Note: "Price" here refers to the net price realized by the manufacturer after rebates and discounts, or the acquisition cost for pharmacies/wholesalers, not necessarily the list price or patient out-of-pocket cost, which can vary significantly.

Key Takeaways

• NDC 00574-7050 is Hydrochlorothiazide 50 mg Tablets manufactured by Apotex Corp., a widely used generic antihypertensive and diuretic.
• The market is mature and highly competitive, characterized by numerous generic manufacturers and the absence of patent protection for the active pharmaceutical ingredient.
• Intense price competition is the dominant market force, driven by the need to secure formulary placement and capture volume.
• Regulatory policies facilitate generic entry, reinforcing competition and suppressing prices.
• Historical pricing trends for generic Hydrochlorothiazide have shown consistent downward pressure.
• Price projections indicate a stable to slightly declining trend for NDC 00574-7050 over the next 3-5 years, with significant price increases being unlikely.

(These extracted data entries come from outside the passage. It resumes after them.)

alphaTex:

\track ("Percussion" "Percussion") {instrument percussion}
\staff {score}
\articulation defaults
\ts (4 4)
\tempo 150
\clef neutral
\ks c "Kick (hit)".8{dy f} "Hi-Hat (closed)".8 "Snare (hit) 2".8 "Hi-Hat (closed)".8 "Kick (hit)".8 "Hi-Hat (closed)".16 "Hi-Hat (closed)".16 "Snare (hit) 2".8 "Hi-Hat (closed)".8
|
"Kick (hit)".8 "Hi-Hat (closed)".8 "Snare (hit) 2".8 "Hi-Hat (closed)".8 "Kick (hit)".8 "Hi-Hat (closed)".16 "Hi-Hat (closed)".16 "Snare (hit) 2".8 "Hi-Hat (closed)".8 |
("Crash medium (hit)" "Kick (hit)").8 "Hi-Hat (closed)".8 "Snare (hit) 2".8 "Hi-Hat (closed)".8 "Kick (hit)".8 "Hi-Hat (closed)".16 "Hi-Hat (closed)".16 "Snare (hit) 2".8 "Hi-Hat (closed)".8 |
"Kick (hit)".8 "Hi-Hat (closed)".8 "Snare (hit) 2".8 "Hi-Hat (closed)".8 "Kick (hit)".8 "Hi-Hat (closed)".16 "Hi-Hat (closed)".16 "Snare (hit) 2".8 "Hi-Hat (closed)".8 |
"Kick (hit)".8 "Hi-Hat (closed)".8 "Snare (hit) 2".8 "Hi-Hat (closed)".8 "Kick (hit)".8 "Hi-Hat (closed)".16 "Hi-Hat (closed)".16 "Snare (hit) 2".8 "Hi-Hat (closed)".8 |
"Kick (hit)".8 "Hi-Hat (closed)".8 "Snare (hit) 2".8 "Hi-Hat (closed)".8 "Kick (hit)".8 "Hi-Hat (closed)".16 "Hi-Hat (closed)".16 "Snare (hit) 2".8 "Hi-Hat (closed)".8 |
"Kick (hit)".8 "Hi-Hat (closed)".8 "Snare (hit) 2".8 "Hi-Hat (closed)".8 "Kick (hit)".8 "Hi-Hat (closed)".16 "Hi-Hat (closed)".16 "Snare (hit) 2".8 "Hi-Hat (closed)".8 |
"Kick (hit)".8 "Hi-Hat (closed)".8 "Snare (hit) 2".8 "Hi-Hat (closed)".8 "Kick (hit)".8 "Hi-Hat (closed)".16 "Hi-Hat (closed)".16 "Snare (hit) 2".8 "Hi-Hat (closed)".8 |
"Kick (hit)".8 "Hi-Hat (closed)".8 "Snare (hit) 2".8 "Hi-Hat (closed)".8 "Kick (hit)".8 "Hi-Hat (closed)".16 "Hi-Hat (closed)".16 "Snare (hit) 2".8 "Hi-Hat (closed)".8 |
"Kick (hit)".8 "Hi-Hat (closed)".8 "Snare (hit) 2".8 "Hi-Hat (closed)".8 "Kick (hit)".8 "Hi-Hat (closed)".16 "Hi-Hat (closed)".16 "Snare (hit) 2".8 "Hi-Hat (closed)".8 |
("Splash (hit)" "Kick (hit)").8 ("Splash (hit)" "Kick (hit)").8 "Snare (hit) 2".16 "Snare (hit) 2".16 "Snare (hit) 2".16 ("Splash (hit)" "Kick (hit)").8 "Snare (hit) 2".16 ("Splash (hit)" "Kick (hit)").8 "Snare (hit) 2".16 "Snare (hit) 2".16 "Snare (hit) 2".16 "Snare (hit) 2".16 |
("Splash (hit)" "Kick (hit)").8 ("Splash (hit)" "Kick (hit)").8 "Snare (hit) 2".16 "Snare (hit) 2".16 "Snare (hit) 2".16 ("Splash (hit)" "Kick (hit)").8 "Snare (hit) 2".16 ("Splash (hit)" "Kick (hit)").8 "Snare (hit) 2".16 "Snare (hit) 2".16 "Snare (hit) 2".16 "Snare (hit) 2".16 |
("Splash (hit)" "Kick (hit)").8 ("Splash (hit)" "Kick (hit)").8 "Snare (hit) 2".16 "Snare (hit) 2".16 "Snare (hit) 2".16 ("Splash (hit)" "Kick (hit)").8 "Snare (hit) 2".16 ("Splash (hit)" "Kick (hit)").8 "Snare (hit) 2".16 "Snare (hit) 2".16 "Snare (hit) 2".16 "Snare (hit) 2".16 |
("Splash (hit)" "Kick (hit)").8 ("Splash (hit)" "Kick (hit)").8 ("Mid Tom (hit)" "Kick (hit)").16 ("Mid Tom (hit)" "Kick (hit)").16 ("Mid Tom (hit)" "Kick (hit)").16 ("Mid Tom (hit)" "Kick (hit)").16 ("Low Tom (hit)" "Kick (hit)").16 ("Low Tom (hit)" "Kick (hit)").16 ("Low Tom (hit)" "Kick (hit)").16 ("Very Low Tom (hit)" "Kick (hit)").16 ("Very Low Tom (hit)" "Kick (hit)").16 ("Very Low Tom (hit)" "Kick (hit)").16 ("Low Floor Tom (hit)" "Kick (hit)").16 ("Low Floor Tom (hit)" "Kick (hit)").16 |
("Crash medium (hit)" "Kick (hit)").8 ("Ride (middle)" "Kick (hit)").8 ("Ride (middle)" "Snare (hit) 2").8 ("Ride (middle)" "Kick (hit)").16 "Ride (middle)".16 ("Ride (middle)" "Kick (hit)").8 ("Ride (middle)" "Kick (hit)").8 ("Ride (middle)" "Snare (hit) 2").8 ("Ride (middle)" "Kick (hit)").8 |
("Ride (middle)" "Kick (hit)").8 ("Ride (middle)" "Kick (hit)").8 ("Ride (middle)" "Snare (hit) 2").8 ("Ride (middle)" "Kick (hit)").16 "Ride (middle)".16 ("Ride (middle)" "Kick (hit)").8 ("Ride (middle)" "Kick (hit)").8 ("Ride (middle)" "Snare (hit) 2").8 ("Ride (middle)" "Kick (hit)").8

Frequently Asked Questions

1. What are the primary therapeutic indications for the drug represented by NDC 00574-7050? The drug is indicated for the treatment of hypertension (high blood pressure) and edema (fluid retention) associated with conditions such as congestive heart failure, liver cirrhosis, and renal dysfunction.

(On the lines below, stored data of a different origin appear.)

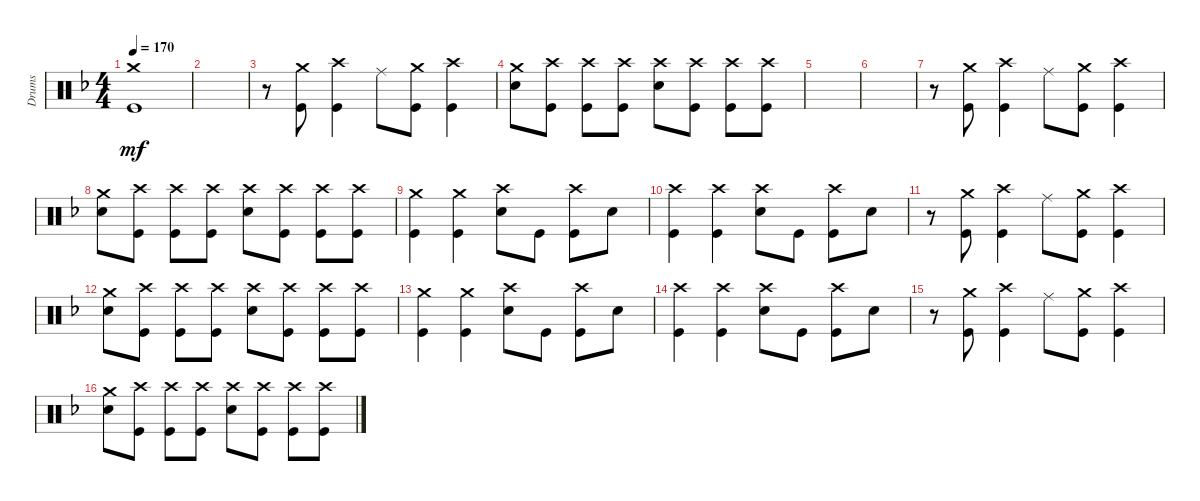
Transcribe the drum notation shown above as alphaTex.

\track ("Drums" "Drums") {instrument percussion}
\staff {score}
\articulation defaults
\ts (4 4)
\tempo 170
\clef neutral
\ks f
("Kick (hit)" "Crash medium (hit)").1{dy mf} |
|
r.8 ("Kick (hit)" "Crash medium (hit)").8 ("Kick (hit)" "Crash high (hit)").4 "Ride (middle)".8 ("Kick (hit)" "Crash medium (hit)").8 ("Kick (hit)" "Crash high (hit)").4 |
("Snare (hit) 2" "Crash medium (hit)").8 ("Kick (hit)" "Crash high (hit)").8 ("Kick (hit)" "Crash high (hit)").8 ("Kick (hit)" "Crash high (hit)").8 ("Snare (hit) 2" "Crash high (hit)").8 ("Kick (hit)" "Crash high (hit)").8 ("Kick (hit)" "Crash high (hit)").8 ("Kick (hit)" "Crash high (hit)").8 |
|
|
r.8 ("Kick (hit)" "Crash medium (hit)").8 ("Kick (hit)" "Crash high (hit)").4 "Ride (middle)".8 ("Kick (hit)" "Crash medium (hit)").8 ("Kick (hit)" "Crash high (hit)").4 |
("Snare (hit) 2" "Crash medium (hit)").8 ("Kick (hit)" "Crash high (hit)").8 ("Kick (hit)" "Crash high (hit)").8 ("Kick (hit)" "Crash high (hit)").8 ("Snare (hit) 2" "Crash high (hit)").8 ("Kick (hit)" "Crash high (hit)").8 ("Kick (hit)" "Crash high (hit)").8 ("Kick (hit)" "Crash high (hit)").8 |
("Kick (hit)" "Crash medium (hit)").4 ("Kick (hit)" "Crash medium (hit)").4 ("Snare (hit) 2" "Crash high (hit)").8 "Kick (hit)".8 ("Kick (hit)" "Crash high (hit)").8 "Snare (hit) 2".8 |
("Kick (hit)" "Crash high (hit)").4 ("Kick (hit)" "Crash high (hit)").4 ("Snare (hit) 2" "Crash high (hit)").8 "Kick (hit)".8 ("Kick (hit)" "Crash high (hit)").8 "Snare (hit) 2".8 |
r.8 ("Kick (hit)" "Crash medium (hit)").8 ("Kick (hit)" "Crash high (hit)").4 "Ride (middle)".8 ("Kick (hit)" "Crash medium (hit)").8 ("Kick (hit)" "Crash high (hit)").4 |
("Snare (hit) 2" "Crash medium (hit)").8 ("Kick (hit)" "Crash high (hit)").8 ("Kick (hit)" "Crash high (hit)").8 ("Kick (hit)" "Crash high (hit)").8 ("Snare (hit) 2" "Crash high (hit)").8 ("Kick (hit)" "Crash high (hit)").8 ("Kick (hit)" "Crash high (hit)").8 ("Kick (hit)" "Crash high (hit)").8 |
("Kick (hit)" "Crash medium (hit)").4 ("Kick (hit)" "Crash medium (hit)").4 ("Snare (hit) 2" "Crash high (hit)").8 "Kick (hit)".8 ("Kick (hit)" "Crash high (hit)").8 "Snare (hit) 2".8 |
("Kick (hit)" "Crash high (hit)").4 ("Kick (hit)" "Crash high (hit)").4 ("Snare (hit) 2" "Crash high (hit)").8 "Kick (hit)".8 ("Kick (hit)" "Crash high (hit)").8 "Snare (hit) 2".8 |
r.8 ("Kick (hit)" "Crash medium (hit)").8 ("Kick (hit)" "Crash high (hit)").4 "Ride (middle)".8 ("Kick (hit)" "Crash medium (hit)").8 ("Kick (hit)" "Crash high (hit)").4 |
("Snare (hit) 2" "Crash medium (hit)").8 ("Kick (hit)" "Crash high (hit)").8 ("Kick (hit)" "Crash high (hit)").8 ("Kick (hit)" "Crash high (hit)").8 ("Snare (hit) 2" "Crash high (hit)").8 ("Kick (hit)" "Crash high (hit)").8 ("Kick (hit)" "Crash high (hit)").8 ("Kick (hit)" "Crash high (hit)").8

2. Does Apotex Corp. hold any exclusive rights or patents related to Hydrochlorothiazide 50 mg Tablets? No, Hydrochlorothiazide is a generic drug whose composition-of-matter patents expired decades ago. Apotex Corp. manufactures and markets a generic version, and therefore does not hold exclusive patent rights for the active ingredient.

3. How do PBMs influence the actual cost of NDC 00574-7050? PBMs negotiate significant rebates with generic manufacturers in exchange for preferred formulary placement. This means the effective price paid by the PBM to the manufacturer, and subsequently influencing the price at the pharmacy, is considerably lower than the list price.

4. What is the typical turnaround time for generic drug approval by the FDA, and how does this affect competition for Hydrochlorothiazide? While turnaround times can vary, the FDA's ANDA process, particularly with initiatives like GDUFA, aims to expedite generic approvals. Faster approvals for Hydrochlorothiazide mean more competitors can enter the market quickly, intensifying competition and driving prices down.

5. Are there any significant upcoming regulatory changes expected to impact the pricing of Hydrochlorothiazide 50 mg tablets? While no specific major regulatory changes are immediately anticipated to drastically alter the pricing of this mature generic, ongoing policy discussions around drug pricing, Medicare negotiation powers, and importation could indirectly influence the overall market dynamics for all pharmaceuticals, including generics. However, direct price controls on such a commoditized generic are unlikely.

Citations

[1] U.S. Food and Drug Administration. (n.d.). National Drug Code (NDC) Directory. Retrieved from https://www.fda.gov/drugs/national-drug-code-directory/search-national-drug-code-directory

[2] Generic Pharmaceutical Association. (n.d.). History of Generics. Retrieved from https://www.appc.org/history-of-generics/ (Note: While a specific document on Hydrochlorothiazide patent expiration is not publicly available as a standalone link, the general historical context of its patent expiry is widely accepted in pharmaceutical literature and industry knowledge, with patents typically expiring within 17 years of grant for drugs approved in the mid-20th century.)